Hi, it's August 30th
The adult is more interested in the child than the child in the adult.
But it keeps getting interesting (if interesting is the right word) as anyone who's been born and arrives at an age which once seemed unattainable begins to realize.
"I fall and fall again, until I reach the ground," Nietzsche wrote somewhere, according to a friend who's now living in Berlin and would know from whence Nietzsche's words sprang.
Sports are real when you're young, a fantasy as you age, and real once more when you've fallen from your bike in the mountains far from a main road, much less a hospital.
Later, you can see the x-rays of the broken rib and actually know why you're feeling the way you're feeling. But to watch a professional baseball or basketball game on tv lacks any meaning that might be construed as substance, unless of course you're playing in the game yourself.
Having fallen might be a good thing. There's plenty of ice and an Ace bandage and those who know say all you can do is ice and rest, ice and rest. Though it hurts to sleep, which at this age might be a good thing too; there are lots of good books to be read and the time to read them. After midnight is the ideal time to open "King Lear", he knows now.
It was so sudden--the fall--so certain of itself. The bicycle's left pedal hit a small rock outcropping on a skinny mountain trail in the Rockies.
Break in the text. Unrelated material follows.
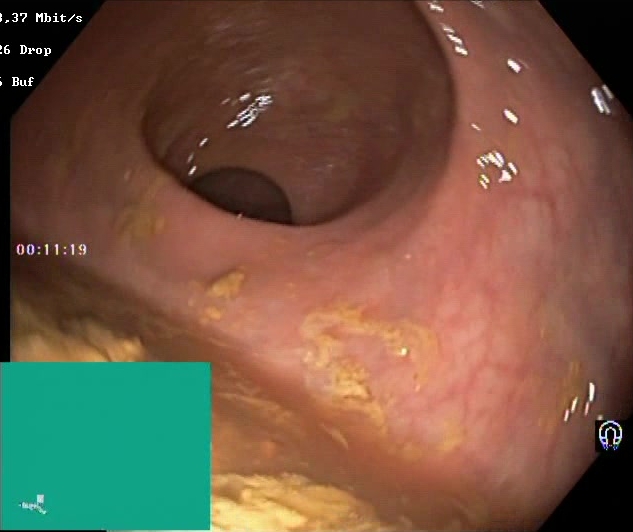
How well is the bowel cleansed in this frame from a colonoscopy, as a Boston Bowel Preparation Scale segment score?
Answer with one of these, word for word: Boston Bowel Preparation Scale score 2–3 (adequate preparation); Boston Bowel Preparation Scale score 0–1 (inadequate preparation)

Boston Bowel Preparation Scale score 0–1 (inadequate preparation)

Hurtling through space in one instant, a child again, riding downhill as fast as his legs and gravity might take him, in the harsh arms of mother earth in the next, there was no exit from the accident. It was nasty, brutish and short, and all the wind was knocked out of him.
Such a collision is enough to make one believe in god again. He had believed as a child, for whom god was constructed, but gotten away from the concept in later years. Or if not quite believing in god, then certainly believing in the earth, as solid, as real, as definite as he had ever felt it.
At last report, he had survived. He had fallen and survived, no small thing, and was grateful for the experience of falling. If could have been worse, though his imagination took pains not to let him 'go there', as they say in the psychological parlence of his time. He might have died and taken his place in Non-Existence where he is sure a party would have been held in his honor, complete with Bombay Gin martini's and carrot cake with vanilla frosting.
And, having fallen, would he have the courage to ask of those who wrote to wish him well, Hi? What kind of word is that? Hi?
For he was a child once again, interested in seeing himself from the position of having fallen and having felt the fall as an adult.